S&P noted that “probably the most relevant change” to its recently revised capital model concerns capital management, with the “introduction of explicit credit for diversification.” This type of credit is “in addition to the implicit diversification credit embedded in many of the charges (such as equity and mortality) where indices and industry-level data are being used.”
The report also discusses enterprise risk management (ERM), noting the “recent upgrades of three large insurance groups, where the quality of their ERM was a contributing factor. High levels of ERM should result in the insurers concerned producing future results that are within their risk tolerance, which in each case implies much less volatility than in the past.”

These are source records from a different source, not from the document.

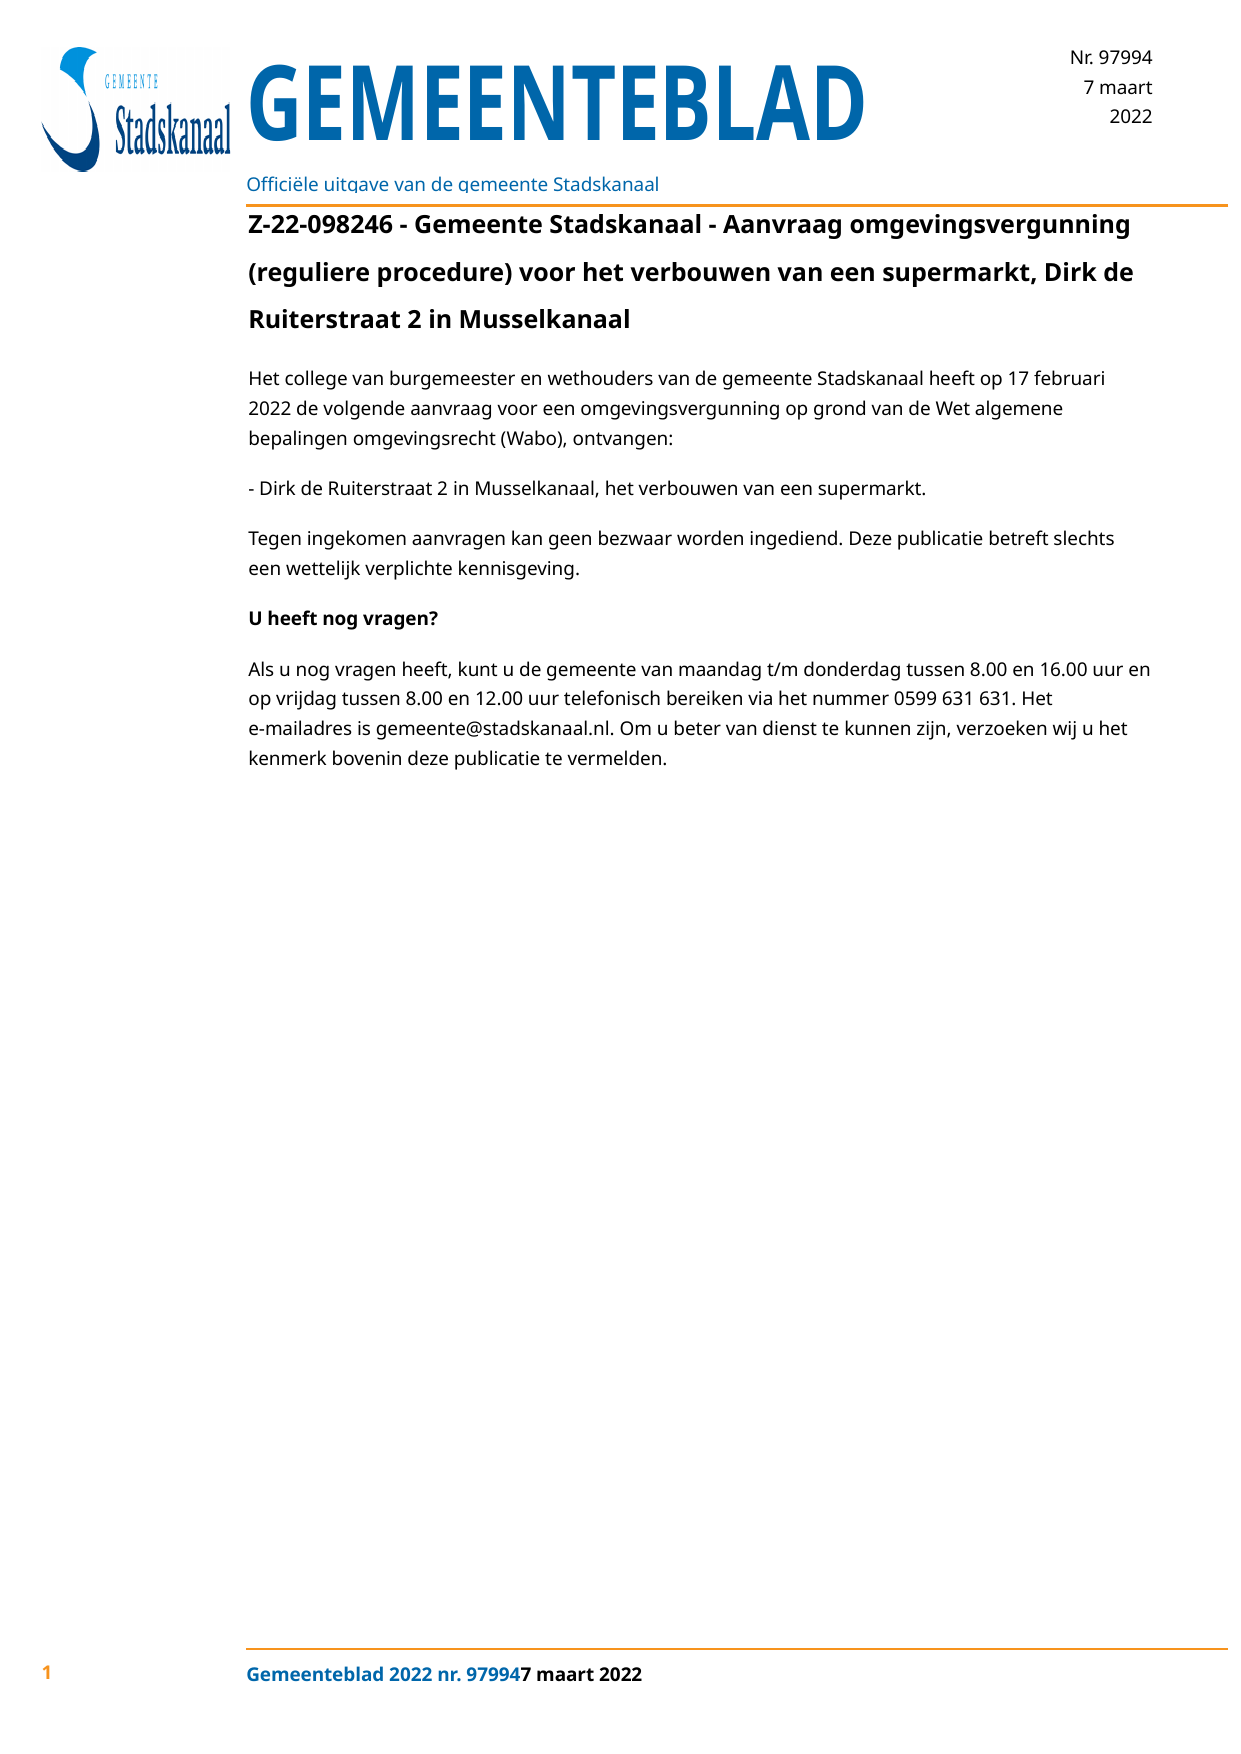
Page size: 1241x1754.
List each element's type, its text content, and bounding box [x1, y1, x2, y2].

text Het college van burgemeester en wethouders van de gemeente Stadskanaal heeft op 17 februari 2022 de volgende aanvraag voor een omgevingsvergunning op grond van de Wet algemene bepalingen omgevingsrecht (Wabo), ontvangen: [248, 366, 1152, 450]
text Als u nog vragen heeft, kunt u de gemeente van maandag t/m donderdag tussen 8.00 en 16.00 uur en op vrijdag tussen 8.00 en 12.00 uur telefonisch bereiken via het nummer 0599 631 631. Het e‑mailadres is gemeente@stadskanaal.nl. Om u beter van dienst te kunnen zijn, verzoeken wij u het kenmerk bovenin deze publicatie te vermelden. [248, 656, 1152, 770]
text U heeft nog vragen? [248, 606, 1152, 631]
text Z-22-098246 - Gemeente Stadskanaal - Aanvraag omgevingsvergunning (reguliere procedure) voor het verbouwen van een supermarkt, Dirk de Ruiterstraat 2 in Musselkanaal [248, 207, 1152, 336]
picture [41, 47, 231, 172]
text Tegen ingekomen aanvragen kan geen bezwaar worden ingediend. Deze publicatie betreft slechts een wettelijk verplichte kennisgeving. [248, 526, 1152, 581]
text - Dirk de Ruiterstraat 2 in Musselkanaal, het verbouwen van een supermarkt. [248, 475, 1152, 501]

As presented at the recent I.I.S. Conference (See IJ web site July 13) S&P’s ratings analysis increasingly stress ERM, which is also a cornerstone of the Solvency II regulations, now due to become effective in 2012. S&P said it “believes it will have a profound impact, and expects it to reshape the German and southern European retail insurance markets.” Marshall added that “many insurers have yet to evaluate Solvency II’s effect on them, feeling that it is not sufficiently imminent to warrant a full analysis. This is a stance they may come to regret.”
The report is available to subscribers of RatingsDirect, the real-time Web-based source for Standard & Poor’s credit ratings, research, and risk analysis, at: www.ratingsdirect.com. If you are not a RatingsDirect subscriber, you may purchase a copy of the report by calling (1) 212-438-9823 or sending an e-mail to: research_request@standardandpoors.com.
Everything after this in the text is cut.